When it comes to things like labour shortages, we automatically start looking to programs from upper levels of government such as the Temporary Foreign Worker Program. When the programs or policies sit with upper levels of government we turn to an advocacy role where we advocate when we meet with provincial MLAs and ministry staff, as well as though our associations such as AKBLG and UBCM.
This question also directs some attention to the lack of long-term rental accommodation in our community, and we are not the only community experiencing this. From a local government perspective we do not have the capacity nor the desire we be large scale landlords, that much is certain. A solution to this requires either higher levels of government or private business to invest in housing options for rentals, the good news is we have seen some interest in this area. Ways that we can support this would be creating a development friendly environment with staff at the ready to assist in the process. We need to make our process straight forward with no surprises for developers and investors who have interest in creating rental housing. Make it development friendly and the development will come.
Labour shortages are increasing across Canada.
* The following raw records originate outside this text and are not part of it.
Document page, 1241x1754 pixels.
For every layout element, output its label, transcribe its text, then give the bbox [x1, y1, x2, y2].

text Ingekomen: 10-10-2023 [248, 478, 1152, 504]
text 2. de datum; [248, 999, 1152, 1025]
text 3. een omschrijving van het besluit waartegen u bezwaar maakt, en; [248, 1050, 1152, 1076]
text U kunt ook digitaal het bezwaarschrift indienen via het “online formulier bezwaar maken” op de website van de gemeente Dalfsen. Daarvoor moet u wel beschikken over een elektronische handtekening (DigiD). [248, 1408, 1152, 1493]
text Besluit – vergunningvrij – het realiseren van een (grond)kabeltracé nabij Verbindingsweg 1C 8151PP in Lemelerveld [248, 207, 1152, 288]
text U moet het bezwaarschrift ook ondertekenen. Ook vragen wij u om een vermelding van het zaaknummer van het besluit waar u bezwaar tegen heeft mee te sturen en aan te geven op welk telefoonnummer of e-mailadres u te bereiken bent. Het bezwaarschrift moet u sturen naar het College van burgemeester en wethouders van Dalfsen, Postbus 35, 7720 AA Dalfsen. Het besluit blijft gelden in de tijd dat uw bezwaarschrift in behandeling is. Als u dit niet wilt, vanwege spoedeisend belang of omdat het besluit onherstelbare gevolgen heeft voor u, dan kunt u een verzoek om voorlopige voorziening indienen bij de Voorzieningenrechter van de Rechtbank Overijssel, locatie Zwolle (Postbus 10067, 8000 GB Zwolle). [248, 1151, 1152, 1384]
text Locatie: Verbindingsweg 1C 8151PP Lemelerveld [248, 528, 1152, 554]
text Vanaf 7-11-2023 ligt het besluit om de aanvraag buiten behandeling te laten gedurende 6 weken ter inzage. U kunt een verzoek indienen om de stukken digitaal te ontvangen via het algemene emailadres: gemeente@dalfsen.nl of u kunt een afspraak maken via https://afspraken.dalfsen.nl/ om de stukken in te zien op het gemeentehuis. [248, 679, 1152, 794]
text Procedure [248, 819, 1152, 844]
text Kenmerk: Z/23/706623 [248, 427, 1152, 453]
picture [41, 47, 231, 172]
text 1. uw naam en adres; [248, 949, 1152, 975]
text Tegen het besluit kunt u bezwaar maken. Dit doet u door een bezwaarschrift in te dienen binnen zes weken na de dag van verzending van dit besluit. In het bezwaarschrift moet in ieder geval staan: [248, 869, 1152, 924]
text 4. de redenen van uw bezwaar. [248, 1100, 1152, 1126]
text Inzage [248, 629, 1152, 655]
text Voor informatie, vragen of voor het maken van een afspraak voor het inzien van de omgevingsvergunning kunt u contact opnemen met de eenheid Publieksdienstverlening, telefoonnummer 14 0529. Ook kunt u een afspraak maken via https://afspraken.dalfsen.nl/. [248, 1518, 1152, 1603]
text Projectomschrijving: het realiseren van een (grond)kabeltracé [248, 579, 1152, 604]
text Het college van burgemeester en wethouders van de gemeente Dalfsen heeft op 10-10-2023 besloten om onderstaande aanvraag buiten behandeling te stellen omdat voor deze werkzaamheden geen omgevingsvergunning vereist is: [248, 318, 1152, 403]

To address this problem the province is focusing on skills training and the federal government is being urged to look at solutions involving changes in immigration. The largest and most visible shortages are in the tourism and hospitality sectors with a common factor being the cost and availability of housing. When your pay is low and the work is part time or seasonal it makes it difficult to find decent housing. If you can’t find or afford decent housing you can be motivated to look at different work or even a different place to live.
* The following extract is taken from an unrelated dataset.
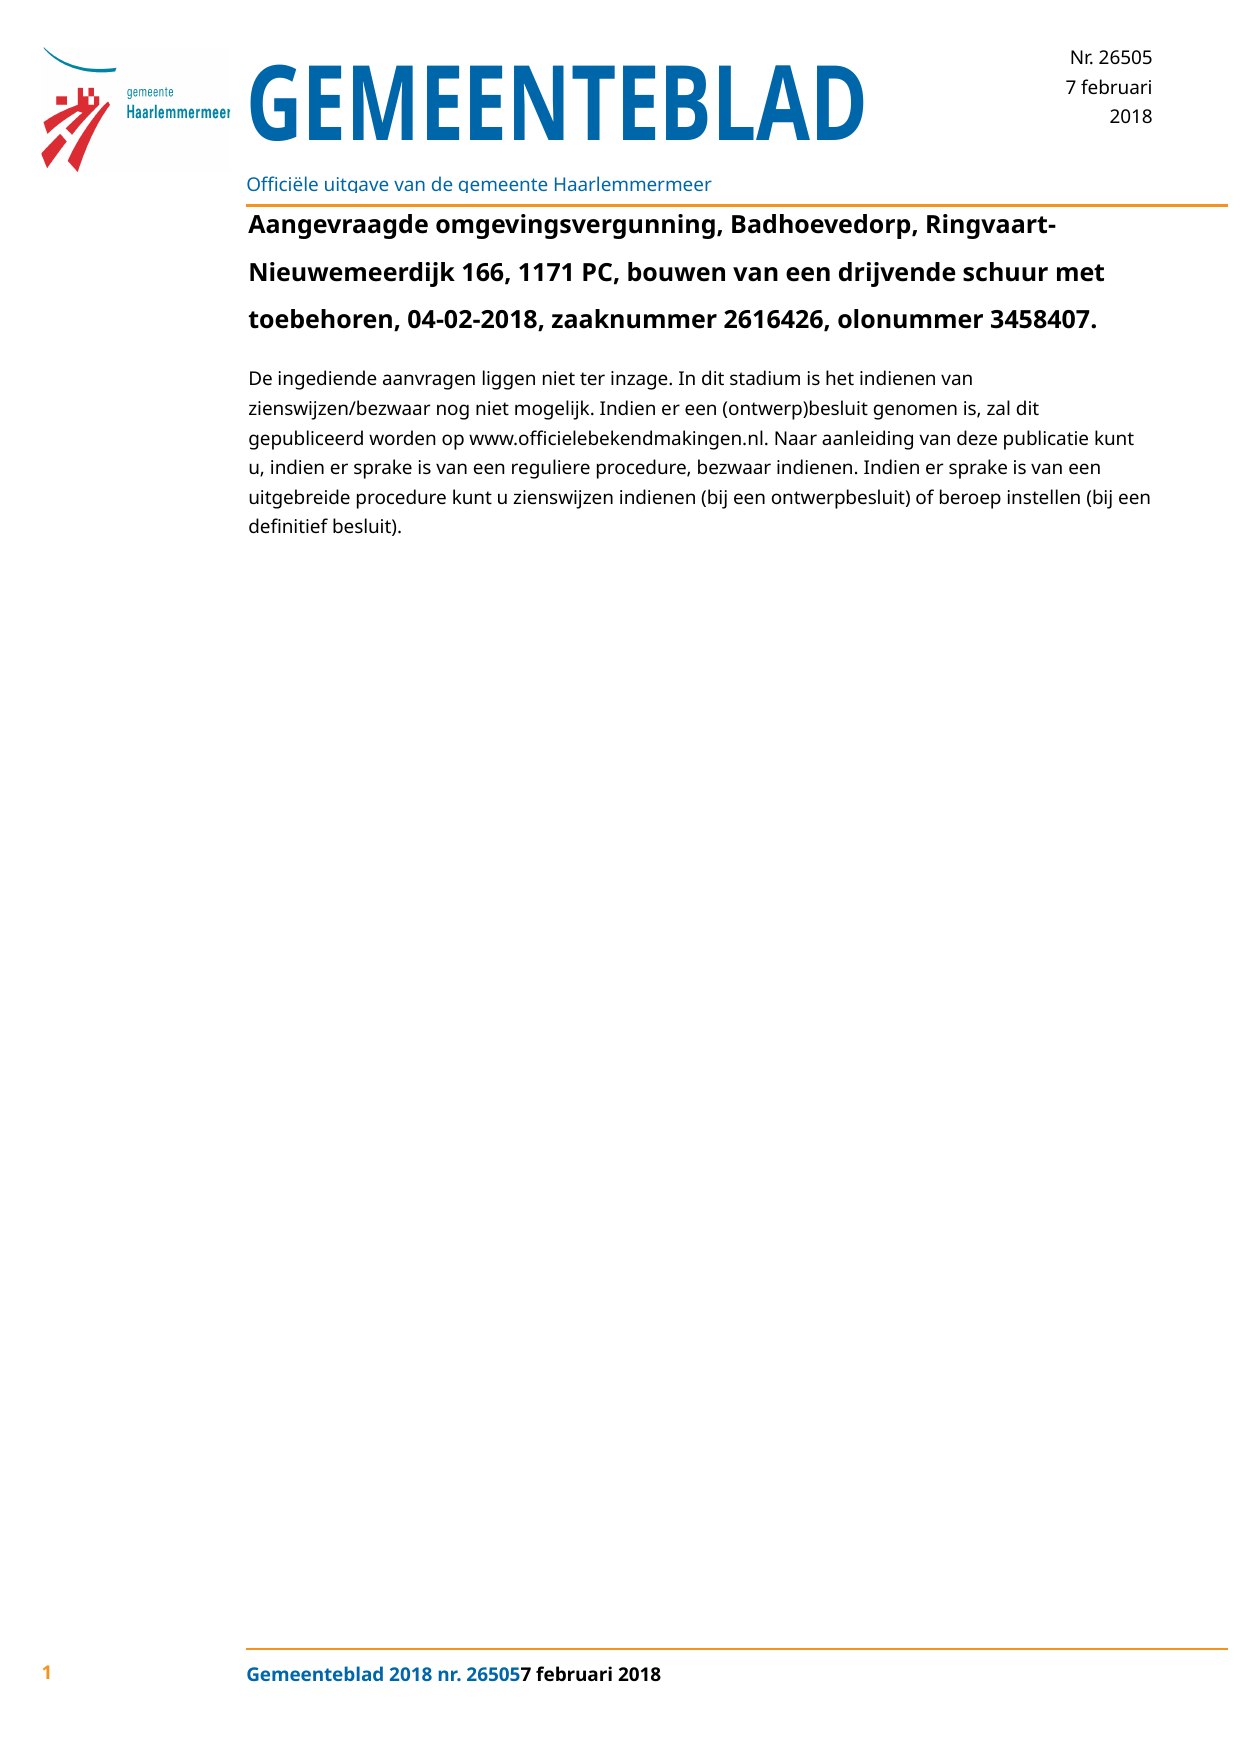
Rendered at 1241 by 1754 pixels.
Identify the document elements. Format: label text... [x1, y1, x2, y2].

picture [41, 47, 231, 172]
text De ingediende aanvragen liggen niet ter inzage. In dit stadium is het indienen van zienswijzen/bezwaar nog niet mogelijk. Indien er een (ontwerp)besluit genomen is, zal dit gepubliceerd worden op www.officielebekendmakingen.nl. Naar aanleiding van deze publicatie kunt u, indien er sprake is van een reguliere procedure, bezwaar indienen. Indien er sprake is van een uitgebreide procedure kunt u zienswijzen indienen (bij een ontwerpbesluit) of beroep instellen (bij een definitief besluit). [248, 366, 1152, 539]
text Aangevraagde omgevingsvergunning, Badhoevedorp, Ringvaart-Nieuwemeerdijk 166, 1171 PC, bouwen van een drijvende schuur met toebehoren, 04-02-2018, zaaknummer 2616426, olonummer 3458407. [248, 207, 1152, 336]

The town has started to do something to make more housing available for people who want to live and work in Golden. Earlier this year they decided how they wanted to regulate and restrict short term rentals (Airbnb) in Golden. The intent, and hopefully the effect, of these regulations will be to make more housing available for Golden residents and for those who want to live in Golden. But the town must finish this job by passing the required bylaw so that the policies they have decided on take effect.
After the town regulates short term rentals I don’t know what else the town can do but if I get on council I will certainly be interested in hearing suggestions.
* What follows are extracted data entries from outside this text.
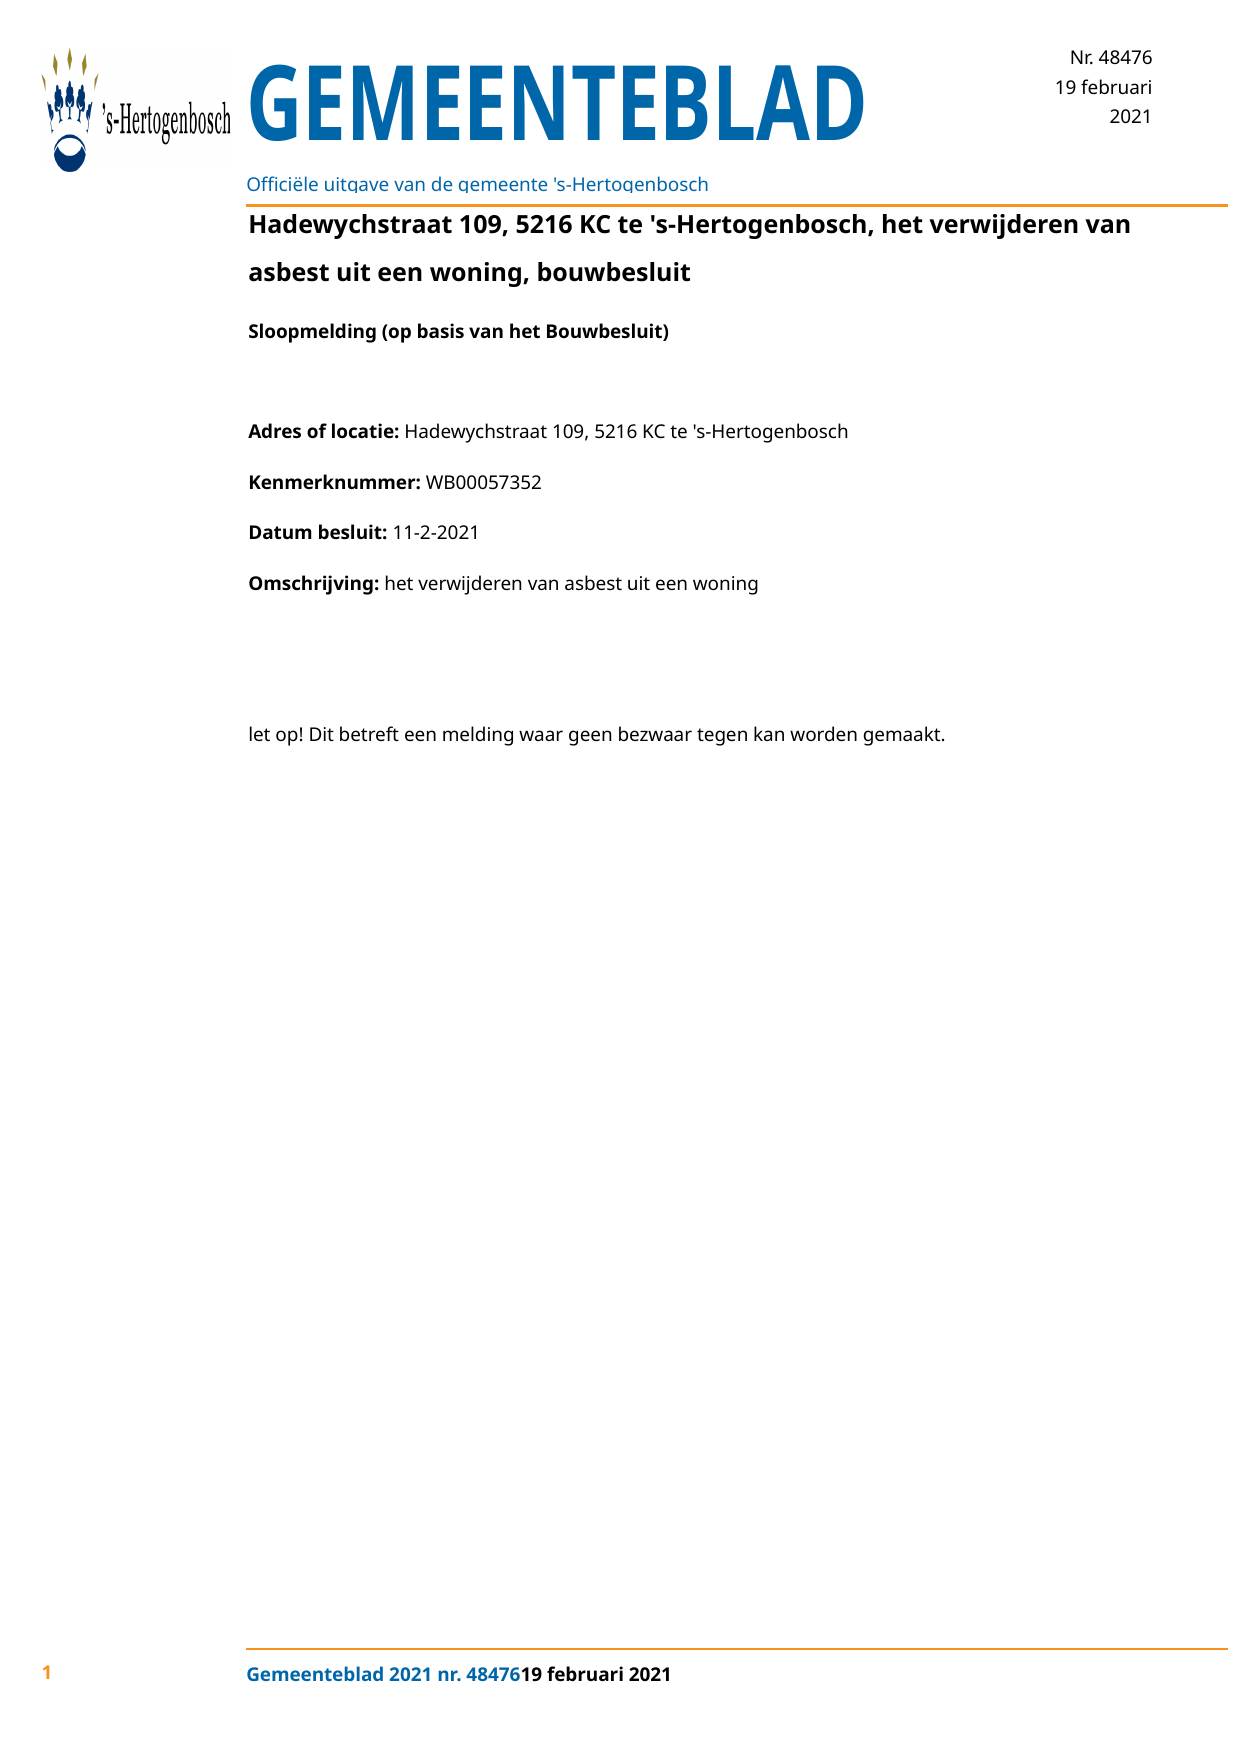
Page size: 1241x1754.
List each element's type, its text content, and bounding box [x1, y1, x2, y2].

text Kenmerknummer: WB00057352 [248, 469, 1152, 495]
text Datum besluit: 11-2-2021 [248, 519, 1152, 545]
text Hadewychstraat 109, 5216 KC te 's-Hertogenbosch, het verwijderen van asbest uit een woning, bouwbesluit [248, 207, 1152, 288]
picture [41, 47, 231, 172]
text let op! Dit betreft een melding waar geen bezwaar tegen kan worden gemaakt. [248, 721, 1152, 747]
text Omschrijving: het verwijderen van asbest uit een woning [248, 570, 1152, 596]
text Adres of locatie: Hadewychstraat 109, 5216 KC te 's-Hertogenbosch [248, 419, 1152, 444]
text Sloopmelding (op basis van het Bouwbesluit) [248, 318, 1152, 344]

Over the past several years I have worked with dozens of communities across western Canada. This has taken me from Vancouver Island and the Lower Mainland, throughout the Okanagan, around the Kootenays, across the Peace and the North, and up into the Yukon. There is not a single community (not a one) among these dozens, that has failed to report concerns around labour shortage and employee demand. This tells me that what we are experiencing is not a locally focused phenomenon. It is fundamentally being experienced at a larger scale. As council, our role is to set policy which helps establish the built and regulatory environment in which business can survive. With sound infrastructure, lively rec and cultural programming, and a plethora of community amenities, we set our selves up to be livable and attract and retain workforce. Aside from that, councils’ job is advocating at the provincial and federal level for programs such as the TFWP or PNP that bring in international working folks. Municipal recruitment programs elsewhere have proven a universal flop as funding resources are inadequate. I remain an articulate advocate on the towns behalf and an ongoing core service champion.